Prevent syclpreview benchmarks scenarios from running twice.
---
 devops/scripts/benchmarks/benches/compute.py | 81 ++++++++++++++------
 1 file changed, 59 insertions(+), 22 deletions(-)

diff --git a/devops/scripts/benchmarks/benches/compute.py b/devops/scripts/benchmarks/benches/compute.py
index b8adfe7948c94..b0cb3412c6973 100644
--- a/devops/scripts/benchmarks/benches/compute.py
+++ b/devops/scripts/benchmarks/benches/compute.py
@@ -24,6 +24,11 @@ class RUNTIMES(Enum):
     UR = "ur"
 
 
+class PROFILERS(Enum):
+    TIMER = "timer"
+    CPU_COUNTER = "cpuCounter"
+
+
 def runtime_to_name(runtime: RUNTIMES) -> str:
     return {
         RUNTIMES.SYCL_PREVIEW: "SYCL Preview",
@@ -171,27 +176,35 @@ def benchmarks(self) -> list[Benchmark]:
 
         # hand-picked value so that total execution time of the benchmark is
         # similar on all architectures
-        long_lernel_exec_time_ioq = [20]

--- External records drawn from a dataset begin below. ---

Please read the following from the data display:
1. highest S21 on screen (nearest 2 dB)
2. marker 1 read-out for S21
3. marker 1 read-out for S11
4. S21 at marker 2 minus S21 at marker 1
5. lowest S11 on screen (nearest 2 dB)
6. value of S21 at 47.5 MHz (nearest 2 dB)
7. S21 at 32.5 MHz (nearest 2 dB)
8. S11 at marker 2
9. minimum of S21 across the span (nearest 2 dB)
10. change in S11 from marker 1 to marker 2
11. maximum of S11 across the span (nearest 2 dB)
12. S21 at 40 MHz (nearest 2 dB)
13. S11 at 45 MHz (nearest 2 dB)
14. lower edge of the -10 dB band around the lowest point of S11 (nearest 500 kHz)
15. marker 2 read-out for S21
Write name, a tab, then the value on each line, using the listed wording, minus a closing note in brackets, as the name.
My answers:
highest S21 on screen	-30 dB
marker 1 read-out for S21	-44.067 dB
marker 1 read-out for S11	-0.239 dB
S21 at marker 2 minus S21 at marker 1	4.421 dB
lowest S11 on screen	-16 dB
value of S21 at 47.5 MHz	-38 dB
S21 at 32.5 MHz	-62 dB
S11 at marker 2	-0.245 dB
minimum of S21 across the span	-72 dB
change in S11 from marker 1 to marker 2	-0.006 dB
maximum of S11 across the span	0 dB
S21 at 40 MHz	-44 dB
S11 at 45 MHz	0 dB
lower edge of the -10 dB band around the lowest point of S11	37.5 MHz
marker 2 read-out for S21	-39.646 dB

+        long_kernel_exec_time_ioq = [20]
         # For BMG server, a new value 200 is used, but we have to create metadata
         # for both values to keep the dashboard consistent.
         # See SubmitKernel.enabled()
         long_kernel_exec_time_ooo = [20, 200]
 
-        # The Combo Profiler is available only for selected sycl benchmarks
-        profiler_types = ["timer", "cpuCounter"]
-
         for runtime in list(RUNTIMES):
             # Add SubmitKernel benchmarks using loops
             for in_order_queue in [0, 1]:
                 for measure_completion in [0, 1]:
                     for use_events in [0, 1]:
                         long_kernel_exec_time = (
-                            long_lernel_exec_time_ioq
+                            long_kernel_exec_time_ioq
                             if in_order_queue
                             else long_kernel_exec_time_ooo
                         )
                         for kernel_exec_time in [1, *long_kernel_exec_time]:
-                            for profiler_type in profiler_types:
+                            benches.append(
+                                SubmitKernel(
+                                    self,
+                                    runtime,
+                                    in_order_queue,
+                                    measure_completion,
+                                    use_events,
+                                    kernel_exec_time,
+                                )
+                            )
+                            if runtime == RUNTIMES.SYCL:
+                                # Create CPU count variant
                                 benches.append(
                                     SubmitKernel(
                                         self,
@@ -200,7 +213,7 @@ def benchmarks(self) -> list[Benchmark]:
                                         measure_completion,
                                         use_events,
                                         kernel_exec_time,
-                                        profiler_type,
+                                        profiler_type=PROFILERS.CPU_COUNTER,
                                     )
                                 )
 
@@ -212,8 +225,13 @@ def benchmarks(self) -> list[Benchmark]:
                     )
 
             # Add ULLS benchmarks
-            for profiler_type in profiler_types:
-                benches.append(UllsEmptyKernel(self, runtime, 1000, 256, profiler_type))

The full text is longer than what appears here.